* **WORK INSTRUCTIONS**
Would you output, exactly as written, the line with "Answer as CSV" and all lines after it to the end of the data below, and no others?

◆ ◆ ◆ ◆ ◆ ◆ ◆

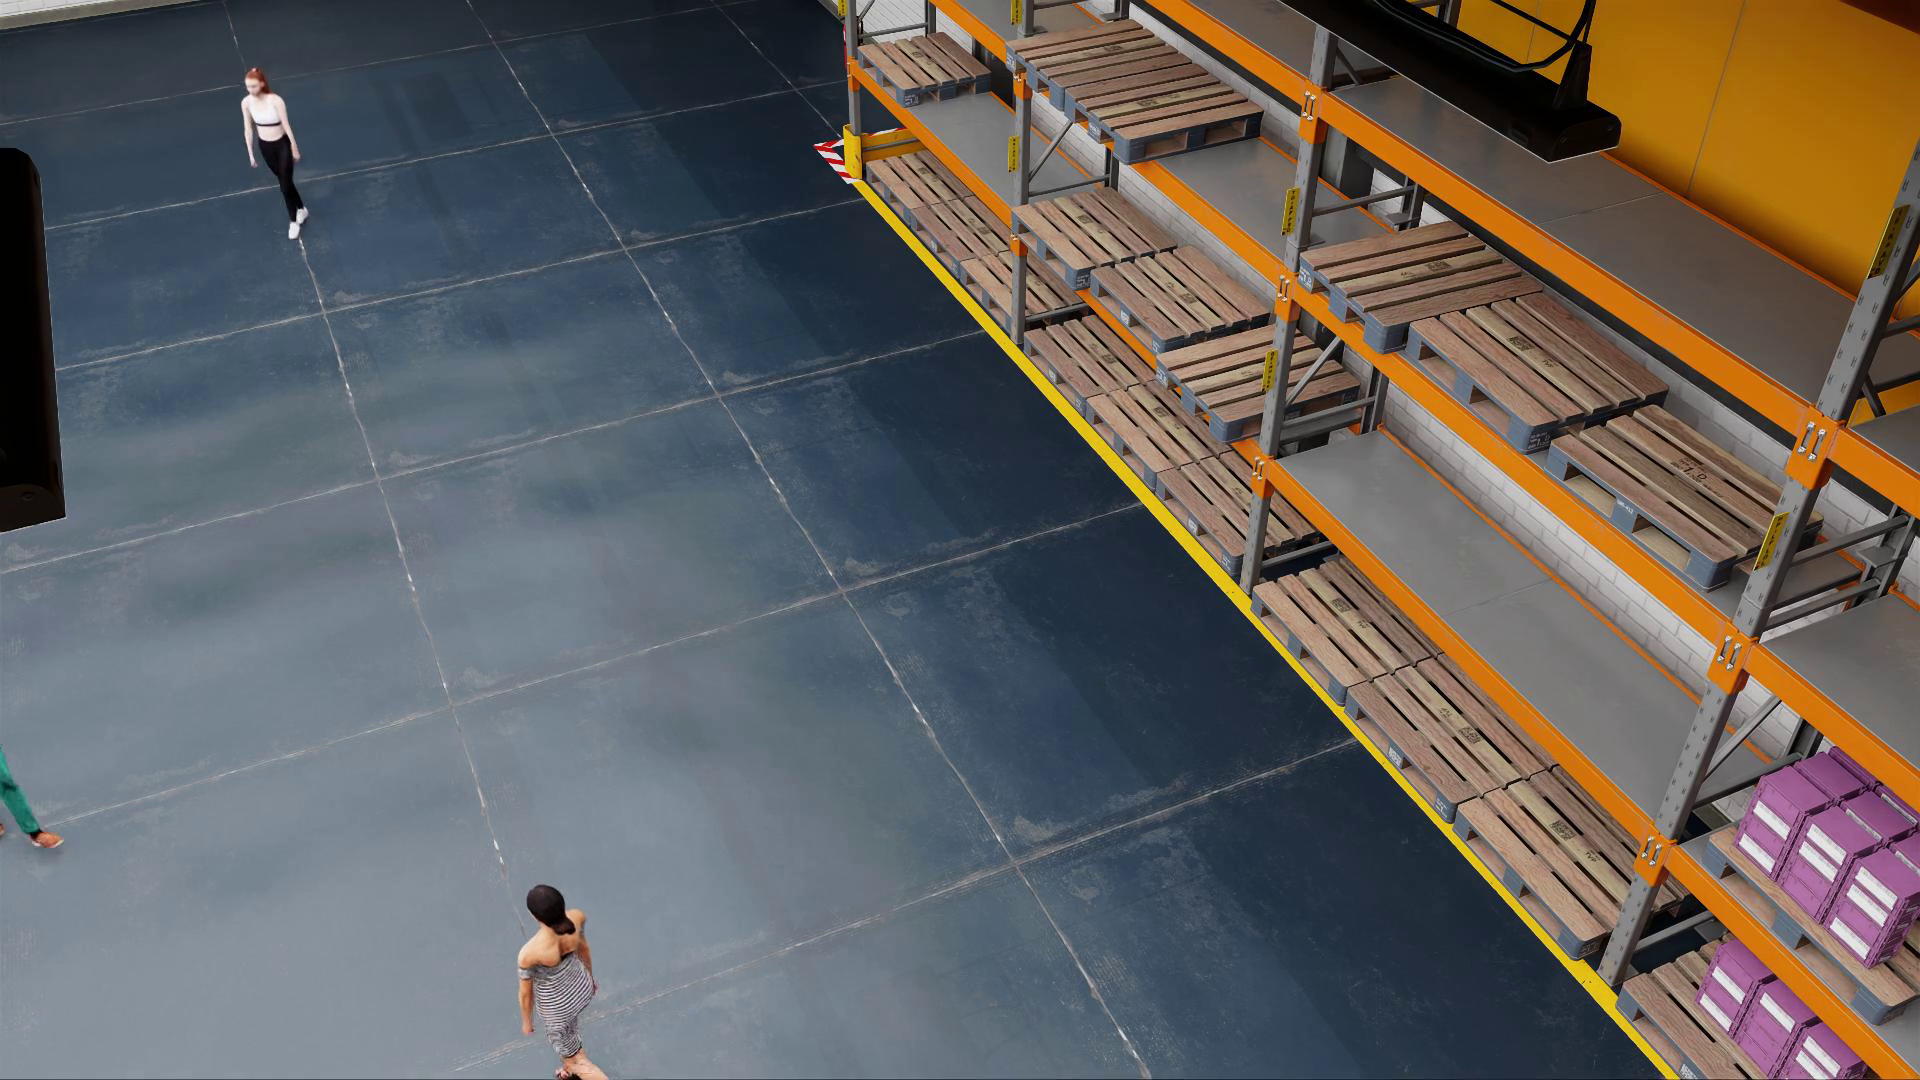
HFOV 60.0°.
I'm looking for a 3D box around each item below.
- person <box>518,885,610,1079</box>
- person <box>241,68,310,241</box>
[{"bbox_3d":[-2.014,2.508,8.783,1.133,1.793,0.955,22,43,25],"label":"person"},{"bbox_3d":[-6.952,-4.013,17.006,0.832,1.720,0.967,2,39,2],"label":"person"}]
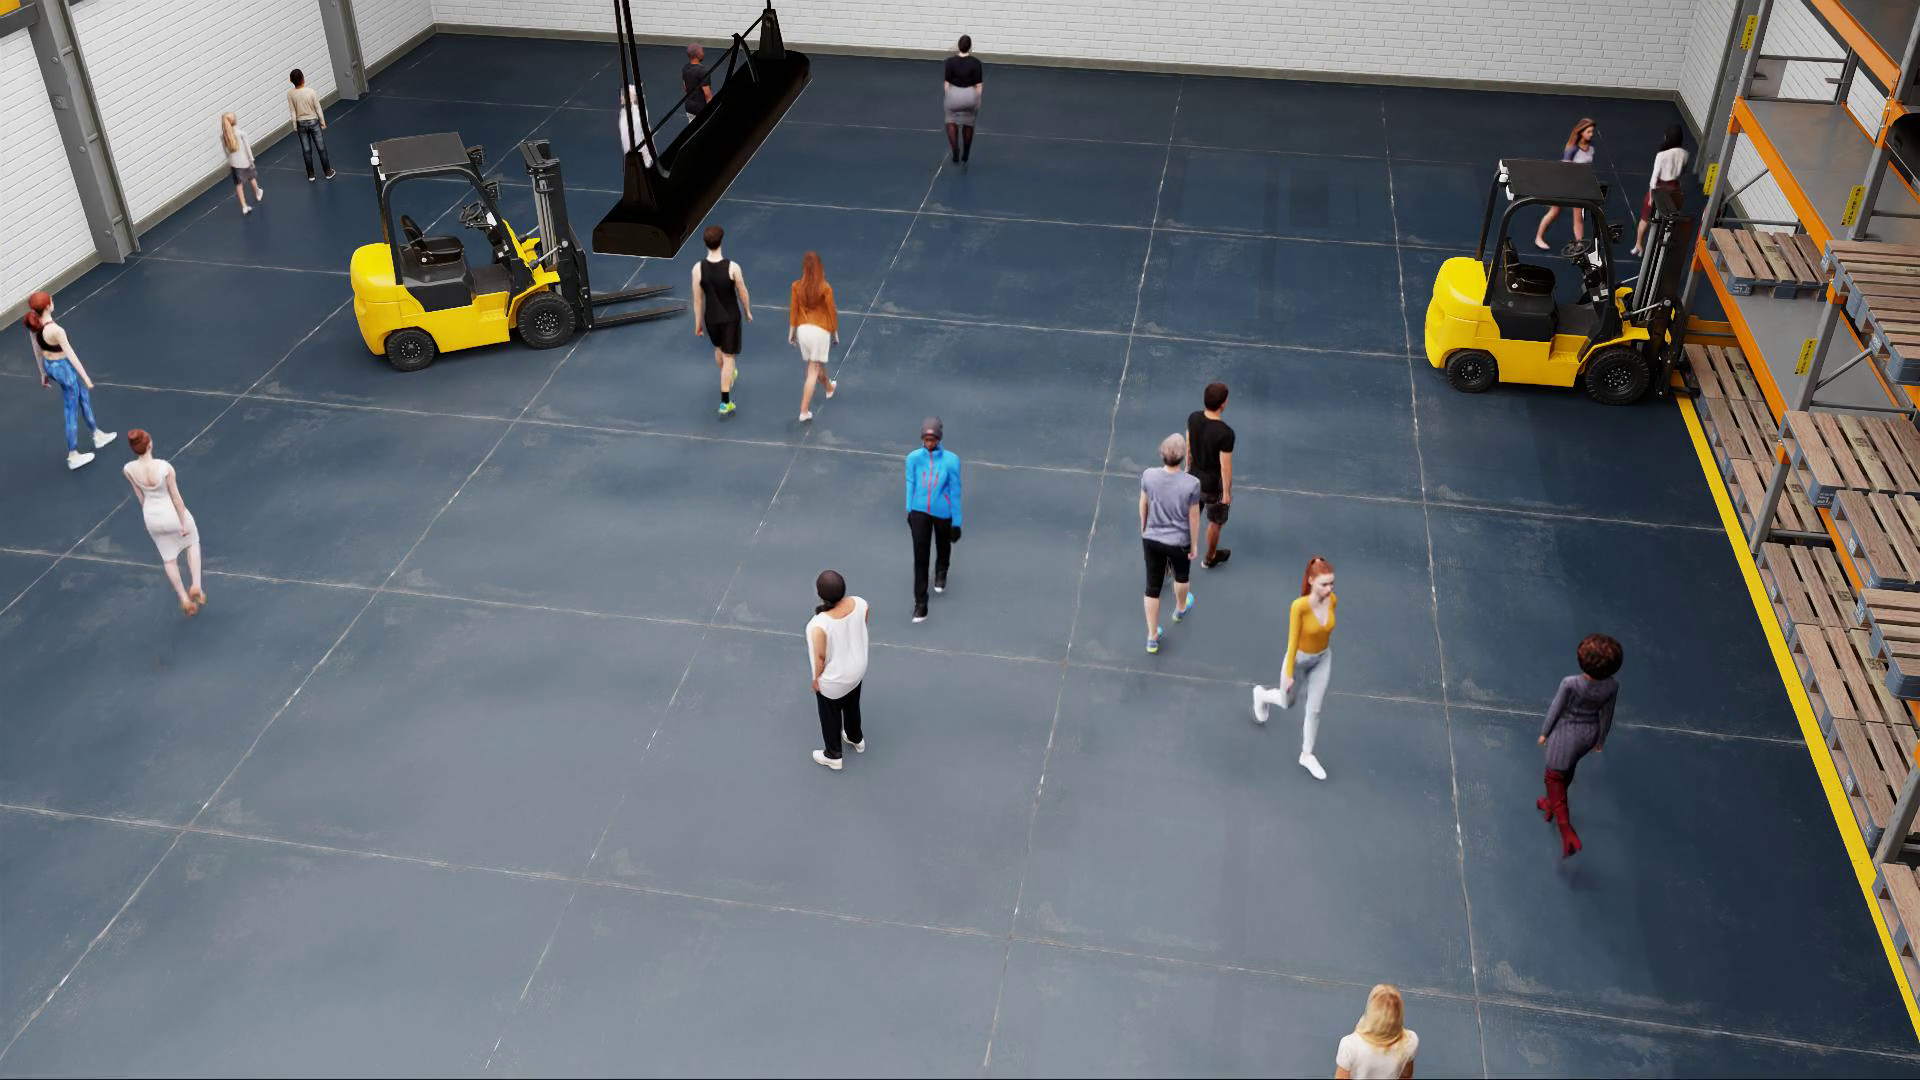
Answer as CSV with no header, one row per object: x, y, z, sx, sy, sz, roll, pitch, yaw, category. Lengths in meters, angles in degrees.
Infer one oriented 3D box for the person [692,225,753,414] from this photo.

◆ ◆ ◆ ◆ ◆ ◆ ◆

* **WRITTEN RESPONSE**
Answer as CSV with no header, one row per object: x, y, z, sx, sy, sz, roll, pitch, yaw, category. Lengths in meters, angles in degrees.
Infer one oriented 3D box for the person [692,225,753,414] from this photo.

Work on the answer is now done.